REQUIRED WORK: Starting at the line that contains "Make the answer" and ending at the line that contains "Offer a terse response. Large.", the lines below are to be given again exactly, with nothing added.

───── INPUT DATA

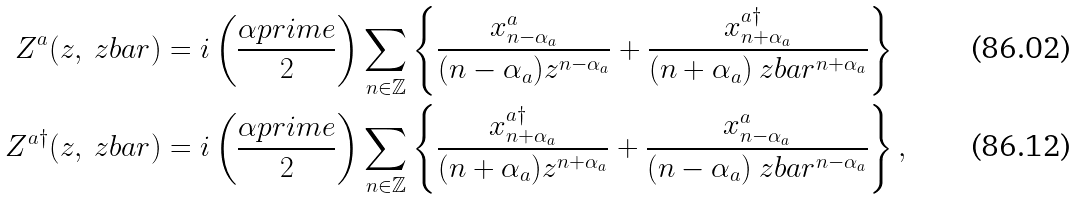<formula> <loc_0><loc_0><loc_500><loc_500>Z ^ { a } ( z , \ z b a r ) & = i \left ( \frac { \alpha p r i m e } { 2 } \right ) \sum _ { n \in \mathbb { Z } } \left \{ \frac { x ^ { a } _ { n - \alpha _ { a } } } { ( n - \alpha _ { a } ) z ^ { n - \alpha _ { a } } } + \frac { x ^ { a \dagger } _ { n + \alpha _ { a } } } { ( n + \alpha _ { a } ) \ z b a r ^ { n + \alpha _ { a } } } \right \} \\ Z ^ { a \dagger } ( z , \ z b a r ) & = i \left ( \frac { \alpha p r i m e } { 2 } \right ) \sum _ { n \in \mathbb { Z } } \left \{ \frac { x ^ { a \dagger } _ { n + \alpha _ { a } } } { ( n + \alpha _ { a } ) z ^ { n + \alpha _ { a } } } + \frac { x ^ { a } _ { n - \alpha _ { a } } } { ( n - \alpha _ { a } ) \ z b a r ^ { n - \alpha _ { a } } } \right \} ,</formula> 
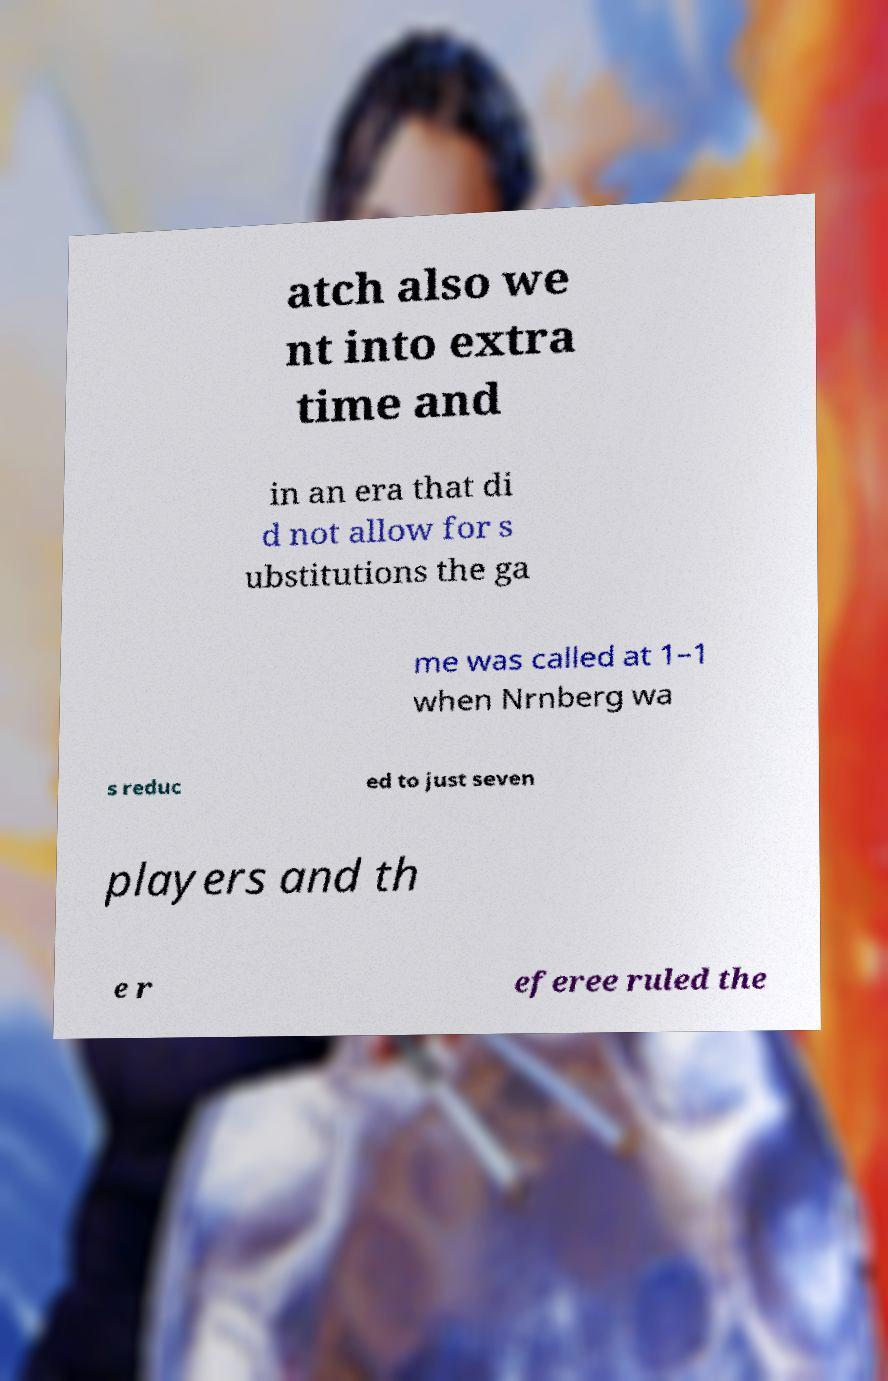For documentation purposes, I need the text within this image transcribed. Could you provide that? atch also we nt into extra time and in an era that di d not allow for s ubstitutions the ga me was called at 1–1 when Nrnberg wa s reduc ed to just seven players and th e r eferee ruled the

──────────
───── INPUT DATA

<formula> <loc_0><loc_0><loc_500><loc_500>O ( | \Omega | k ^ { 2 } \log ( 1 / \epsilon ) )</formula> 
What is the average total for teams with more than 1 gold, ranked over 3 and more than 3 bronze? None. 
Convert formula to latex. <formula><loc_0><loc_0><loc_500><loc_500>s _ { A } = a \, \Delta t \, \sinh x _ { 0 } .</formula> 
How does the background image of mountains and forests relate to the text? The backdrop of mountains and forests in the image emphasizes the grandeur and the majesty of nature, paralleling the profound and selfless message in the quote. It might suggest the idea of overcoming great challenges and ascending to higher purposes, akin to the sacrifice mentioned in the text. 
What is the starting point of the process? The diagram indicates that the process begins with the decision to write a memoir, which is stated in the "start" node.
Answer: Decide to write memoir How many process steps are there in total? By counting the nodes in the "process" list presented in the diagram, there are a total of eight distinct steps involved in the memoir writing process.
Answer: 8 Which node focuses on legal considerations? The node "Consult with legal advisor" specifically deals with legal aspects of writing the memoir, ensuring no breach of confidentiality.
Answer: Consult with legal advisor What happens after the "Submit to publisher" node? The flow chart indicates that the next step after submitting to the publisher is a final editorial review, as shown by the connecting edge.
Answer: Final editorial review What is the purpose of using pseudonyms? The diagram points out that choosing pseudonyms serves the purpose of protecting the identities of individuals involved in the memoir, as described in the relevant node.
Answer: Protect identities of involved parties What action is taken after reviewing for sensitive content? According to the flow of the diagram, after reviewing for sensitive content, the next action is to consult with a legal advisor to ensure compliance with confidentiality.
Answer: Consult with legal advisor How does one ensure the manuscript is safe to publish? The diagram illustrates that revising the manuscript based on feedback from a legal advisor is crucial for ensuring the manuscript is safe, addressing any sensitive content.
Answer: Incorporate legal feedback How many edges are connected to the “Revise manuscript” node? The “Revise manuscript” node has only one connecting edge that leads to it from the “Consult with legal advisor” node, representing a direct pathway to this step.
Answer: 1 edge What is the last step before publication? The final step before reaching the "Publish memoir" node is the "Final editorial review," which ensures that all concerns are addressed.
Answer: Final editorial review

──────────
───── INPUT DATA

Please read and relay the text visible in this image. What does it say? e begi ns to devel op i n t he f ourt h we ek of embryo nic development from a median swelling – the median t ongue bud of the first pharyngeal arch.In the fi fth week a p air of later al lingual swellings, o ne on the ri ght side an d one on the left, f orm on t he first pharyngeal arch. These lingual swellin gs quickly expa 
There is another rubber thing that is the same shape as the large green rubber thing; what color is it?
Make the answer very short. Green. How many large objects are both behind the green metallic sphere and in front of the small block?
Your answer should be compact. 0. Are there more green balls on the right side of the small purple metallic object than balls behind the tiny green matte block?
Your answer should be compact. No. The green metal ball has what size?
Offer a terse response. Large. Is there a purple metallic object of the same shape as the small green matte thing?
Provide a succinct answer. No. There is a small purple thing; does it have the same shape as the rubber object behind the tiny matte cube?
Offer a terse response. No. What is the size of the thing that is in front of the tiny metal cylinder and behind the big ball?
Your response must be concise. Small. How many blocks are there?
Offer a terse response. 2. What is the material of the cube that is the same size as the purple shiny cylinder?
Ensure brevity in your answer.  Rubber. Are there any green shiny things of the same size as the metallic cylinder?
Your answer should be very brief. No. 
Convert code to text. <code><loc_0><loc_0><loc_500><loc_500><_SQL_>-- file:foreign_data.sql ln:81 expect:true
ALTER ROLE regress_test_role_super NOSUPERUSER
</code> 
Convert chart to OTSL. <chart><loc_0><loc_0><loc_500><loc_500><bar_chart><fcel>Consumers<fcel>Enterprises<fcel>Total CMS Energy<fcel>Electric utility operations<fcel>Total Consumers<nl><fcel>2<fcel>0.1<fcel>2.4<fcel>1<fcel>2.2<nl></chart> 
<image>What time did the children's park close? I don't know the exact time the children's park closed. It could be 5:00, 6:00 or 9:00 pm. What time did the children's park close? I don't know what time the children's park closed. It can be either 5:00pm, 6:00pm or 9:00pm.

──────────

TASK SOLUTION:
Make the answer very short. Green. How many large objects are both behind the green metallic sphere and in front of the small block?
Your answer should be compact. 0. Are there more green balls on the right side of the small purple metallic object than balls behind the tiny green matte block?
Your answer should be compact. No. The green metal ball has what size?
Offer a terse response. Large. Is there a purple metallic object of the same shape as the small green matte thing?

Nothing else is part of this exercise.